K&S Corporation has announced a net profit after tax of $5.6 million for the half year ended 31 December 2013. According to K&S, the prior comparative period featured “much stronger trading conditions”, particularly in resource-driven Western Australia.
Operating revenue was $258.3 million, down 12 per cent on the prior period. The company said the decrease was largely due to the weakness in demand for transport services on the eastern seaboard, lower activity levels in Western Australia and the cessation of the Australian Paper contract at the end of June 2013.
“After a disappointing first quarter to FY2014, we have seen some modest improvement in underlying trading conditions in the second quarter of FY2014. We are also seeing some benefit from the steps taken to reduce costs to align the cost base with customer volumes,” said K&S Managing Director, Greg Stevenson.
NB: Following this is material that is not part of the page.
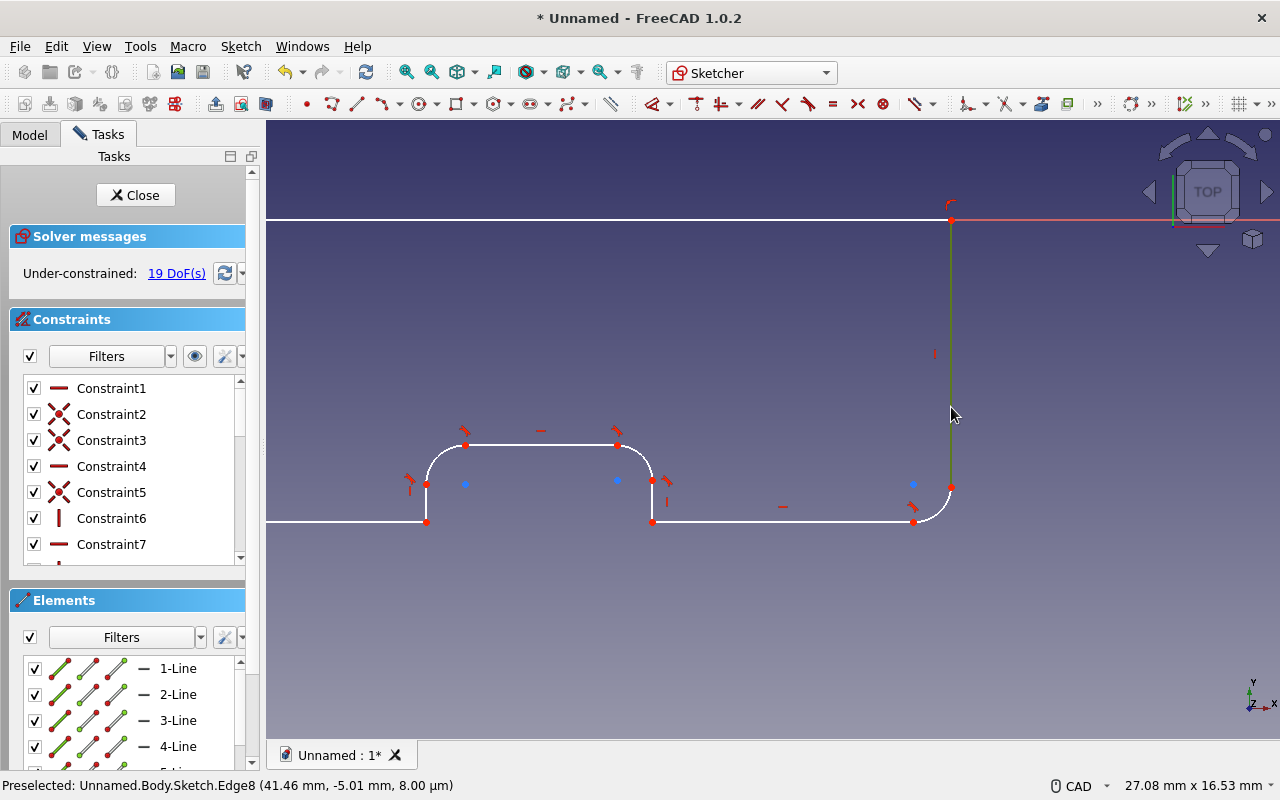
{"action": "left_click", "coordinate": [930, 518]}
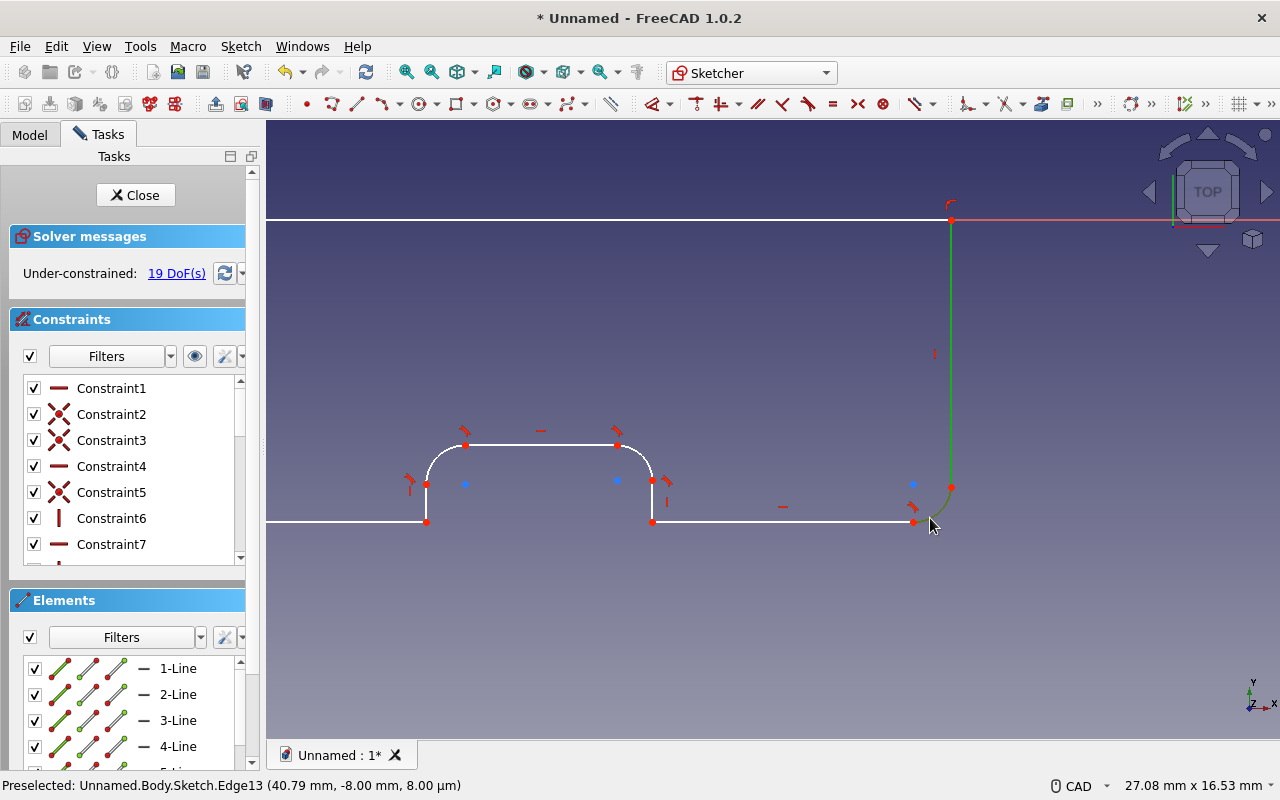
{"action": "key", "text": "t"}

Recent contract wins in Western Australia with Argyle Diamond and Kimberley Diamond together with new contracts in New Zealand should assist the second half performance.
The result was impacted in the first half of FY2014 on a pre‐tax basis by $970,000 by one off re-organisation costs and transaction costs associated with the current merger with Scott Corporation Limited.
The merger announced by K&S Corporation in November 2013, in which K&S indicated its intention to merge with Scott Corporation by way of a conditional off-market takeover bid (“Offer”), has now been declared free of any defeating conditions and accordingly the Offer is now unconditional.
The level of Acceptances received from Scott Corporation shareholders received under the Offer currently stand at 93.16 per cent of Scott Corporation’s issued share capital.
In a statement, K&S Corporation said that it intends to exercise its compulsory acquisition rights to acquire any Scott Corporation shares in respect of which has not received valid acceptances by the close of the Offer at 7:00pm (EDST) on 4 March 2014.
#K&S’s Board is pleased to advise that we have received sufficient acceptances from Scott Corporation shareholders to entitle us to exercise compulsorily acquisition rights over any outstanding minority shareholdings,” said K&S’ Deputy Chairman, Greg Boulton AM.
“With the Offer scheduled to close on 4 March 2014, we urge any Scott Corp shareholders who intend to accept the Offer, but have not already done so, to send in their acceptance forms in accordance with the bidder’s statement before that date to ensure that the provision of consideration for their shares is not delayed.”
The merger between K&S Corporation and Scott Corporation will create a merged group with annual revenues of about $750 million, a market capitalisation in excess of $200 million, and more than 2,000 employees.